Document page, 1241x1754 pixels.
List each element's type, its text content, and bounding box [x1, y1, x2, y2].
--
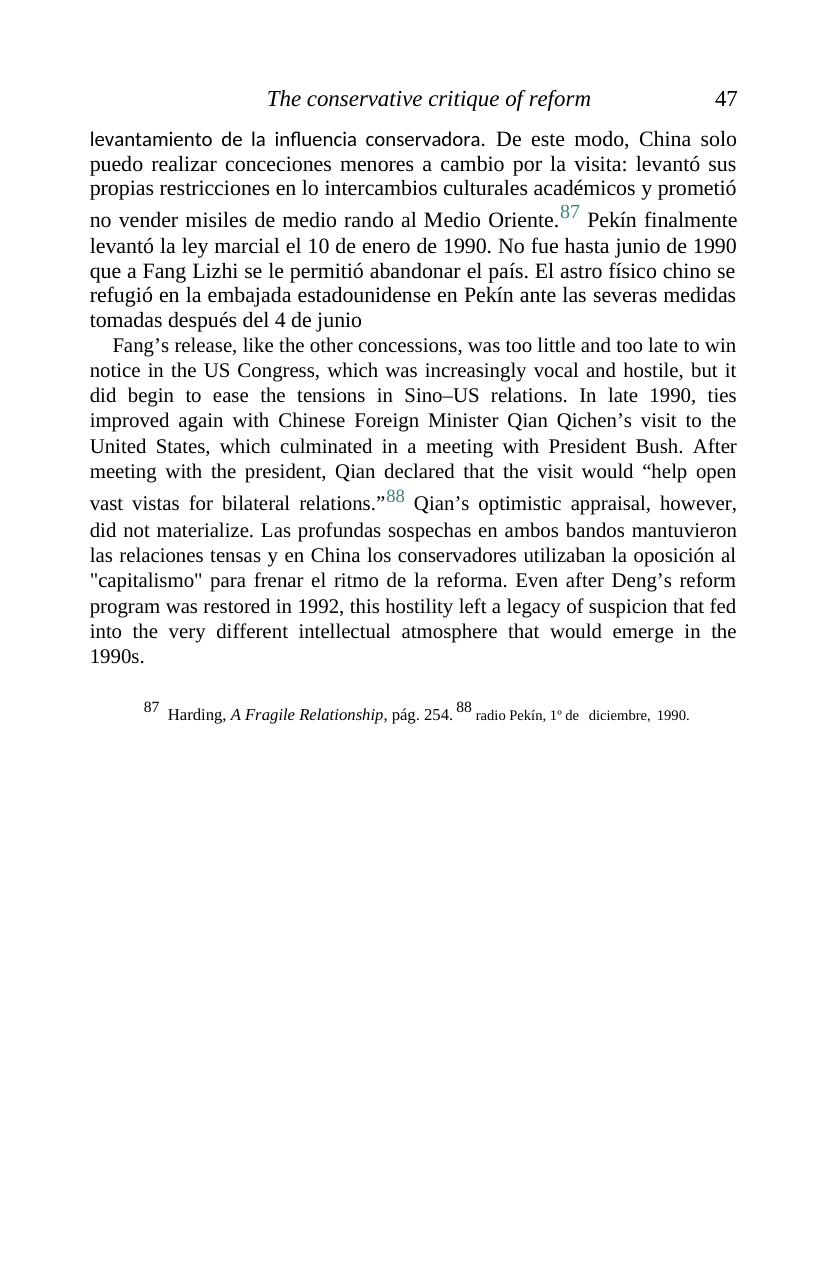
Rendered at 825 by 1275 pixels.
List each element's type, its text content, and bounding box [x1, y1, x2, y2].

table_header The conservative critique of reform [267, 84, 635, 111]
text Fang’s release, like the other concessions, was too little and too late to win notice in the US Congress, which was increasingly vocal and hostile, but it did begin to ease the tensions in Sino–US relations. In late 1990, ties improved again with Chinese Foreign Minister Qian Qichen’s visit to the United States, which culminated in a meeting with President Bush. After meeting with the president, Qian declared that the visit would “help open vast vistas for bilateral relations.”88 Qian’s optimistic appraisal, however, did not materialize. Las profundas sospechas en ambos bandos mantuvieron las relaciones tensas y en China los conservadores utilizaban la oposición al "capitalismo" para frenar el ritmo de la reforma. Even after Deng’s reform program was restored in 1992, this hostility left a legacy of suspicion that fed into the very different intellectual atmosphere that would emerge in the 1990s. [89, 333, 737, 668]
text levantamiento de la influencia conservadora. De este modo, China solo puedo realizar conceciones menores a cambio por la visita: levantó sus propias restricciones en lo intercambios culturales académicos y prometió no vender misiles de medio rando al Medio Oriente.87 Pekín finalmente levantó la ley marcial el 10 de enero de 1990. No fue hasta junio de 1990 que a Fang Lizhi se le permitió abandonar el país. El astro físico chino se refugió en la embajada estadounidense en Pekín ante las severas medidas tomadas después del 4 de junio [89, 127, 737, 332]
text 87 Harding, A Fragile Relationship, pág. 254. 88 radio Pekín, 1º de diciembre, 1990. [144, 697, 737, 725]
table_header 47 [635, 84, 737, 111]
...
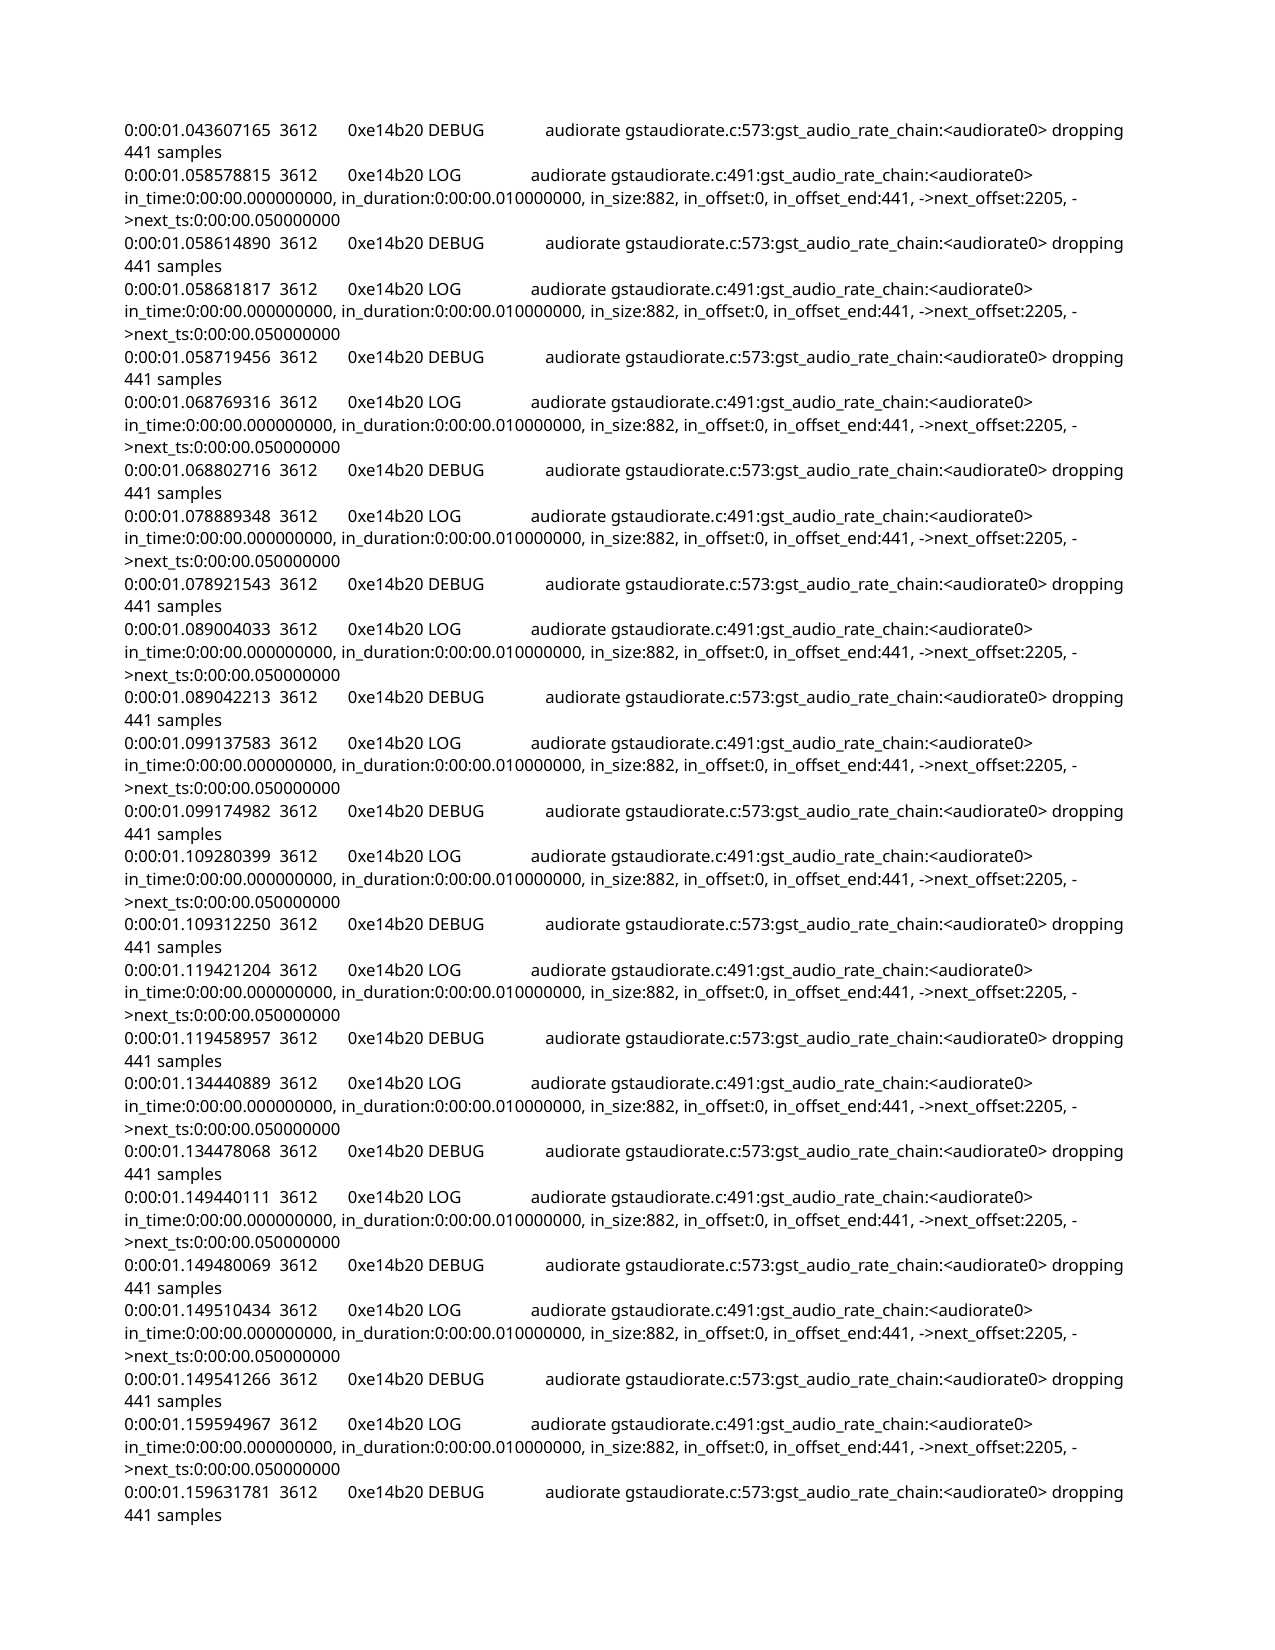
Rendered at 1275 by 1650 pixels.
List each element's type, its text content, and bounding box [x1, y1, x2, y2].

PROBLEM REQUIREMENTS:
From the records above, pull every line that carries the word "pixels".

TASK ANSWER:
Document page, 1241x1754 pixels.
Rendered at 825 by 1275 pixels.
Rendered at 1275 by 1650 pixels.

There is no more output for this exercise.